The psychedelic renaissance is upon us, with myriad research showing how substances like psilocybin, LSD, and more aid in mental health conditions like treatment-resistant depression and PTSD. More and more, the curiosity around psychedelics is increasing, with individuals seeing the potential of these mind-bending medicines to overcome perceived limits of the self.

At the same time, technology continues to evolve at a rapid pace, posing the question: Could tech like virtual reality provide comparable benefits that psychedelics offer? Evidently the answer is yes, according to a recent study of a new VR experience, Isness-D, made to mirror specific transcendent psychedelic effects.

It all started with creator David Glowacki, who took a steep fall while walking in the mountains 15 years ago. After hitting the ground, he laid there suffocating as blood began leaking into his lungs. During this experience, Glowacki’s field of perception began to shift, peering down at his own body and finding he was made up of balled-up light, MIT Technology Review reports.

He said the intensity of the light was related to the extent in which he inhabited his body, though watching the light slowly dim wasn’t frightening—It was transformative, leaking out of his body and around his environment. He took the experience as a signal that his awareness could outlast and transcend his physical body, ultimately bringing him peace.

The Nature study introduction brings up similar sensations from brain scientist Jill Bolte Taylor following a left-hemisphere stroke. Taylor said, “I could no longer define the boundaries of my body. I can’t define where I begin and where I end, because the atoms and molecules of my arm blend with the atoms and molecules of the wall, and all I could detect was this energy… I was immediately captivated by the magnificence of the energy around me. And because I could no longer identify the boundaries of my body, I felt enormous and expansive. I felt at one with all the energy that was, and it was beautiful.”

After his accident, Glowacki approached the experience, which he related to death, with curiosity, attempting to recapture that transcendence.

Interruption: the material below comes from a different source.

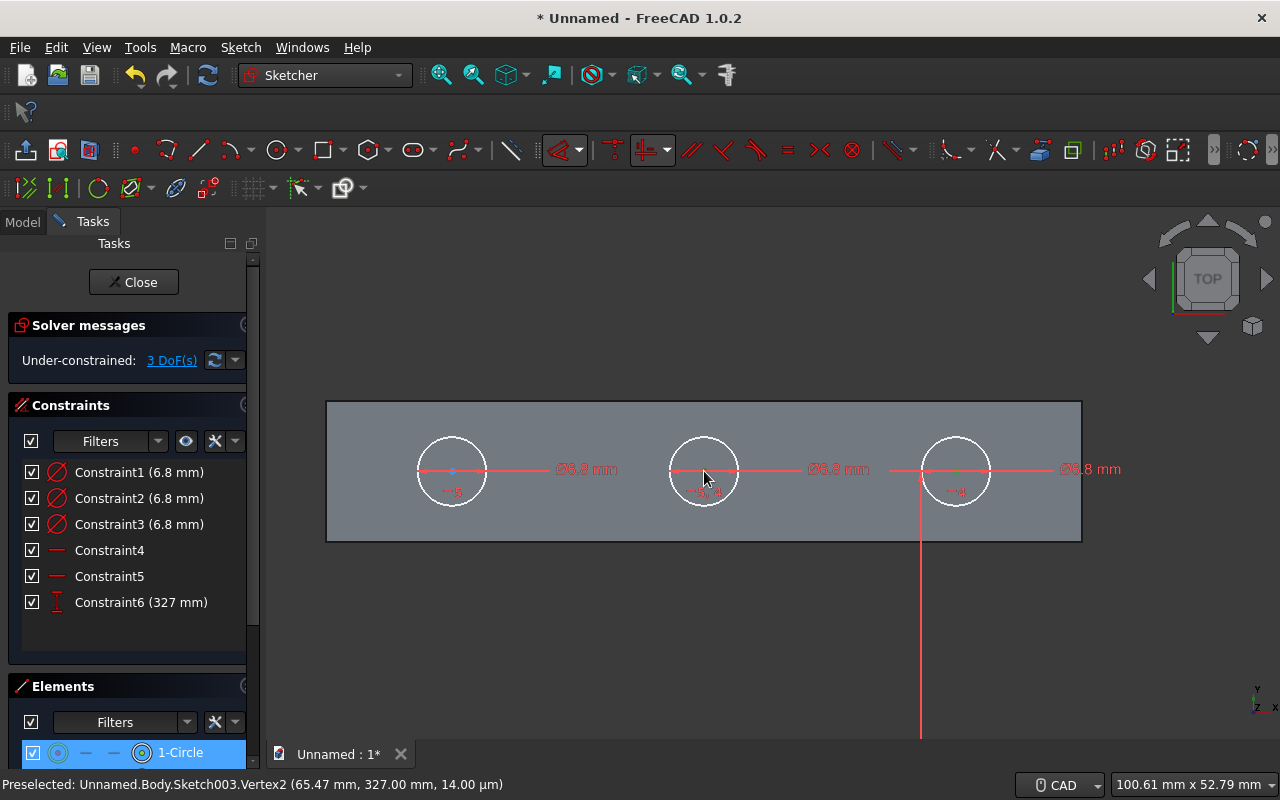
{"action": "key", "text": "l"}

The new technology is designed for groups of four to five, based anywhere in the world. The participants are represented as a cloud of smoke with a ball of light around the location of their heart. The experience features energetic coalescence, meaning that participants can gather in the same VR landscape and overlap their bodies, making it impossible to tell where one starts and another ends, contributing to a sense of connectedness and ego reduction that psychedelic experiences commonly bring.

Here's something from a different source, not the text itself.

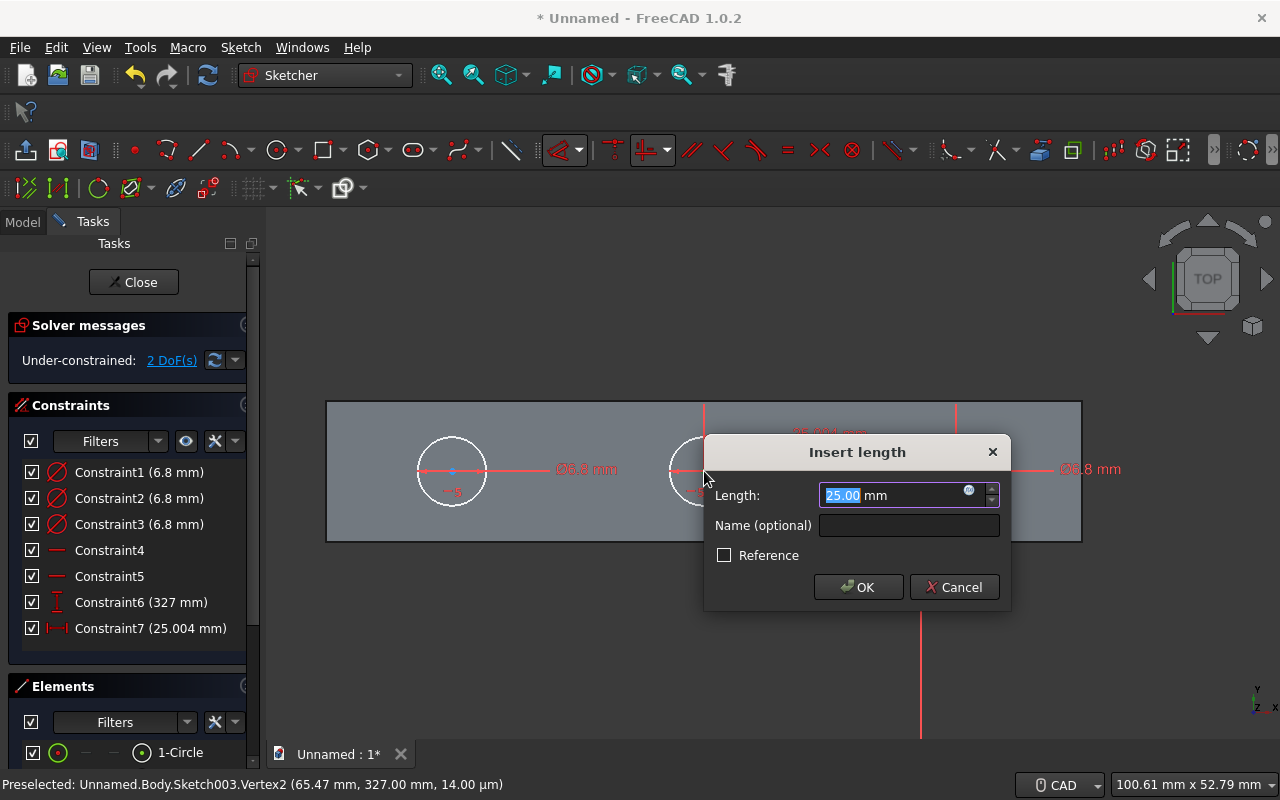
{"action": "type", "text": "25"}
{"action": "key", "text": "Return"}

In real life, the study notes that humans often default to conceptual relationships of ourselves and others and separate objects, rather than connected or coupled concepts. Authors define the term “self-transcendent experiences,” or the transient mental states in which “the subjective sense of one’s self as an isolated entity can temporarily fade into an experience of unity with other people or one’s surroundings, involving the dissolution of boundaries between the sense of self and ‘other,’” essentially what Glowacki is chasing with this new VR technology.

So, can people really achieve some of these same breakthroughs psychedelics, or intense life experiences can provide, simply with the help of VR?

Researchers in the study carried out 29 Isness sessions with 109 total participants from August-September 2020; the results ended up analyzing a total of 75 participants. After their experiences, participants scored the level of intensity with which they experienced 30 items (i.e. mood, mystical experiences), answered pre and post questionnaires around their connectedness with the other participants and scored their level of ego dissolution.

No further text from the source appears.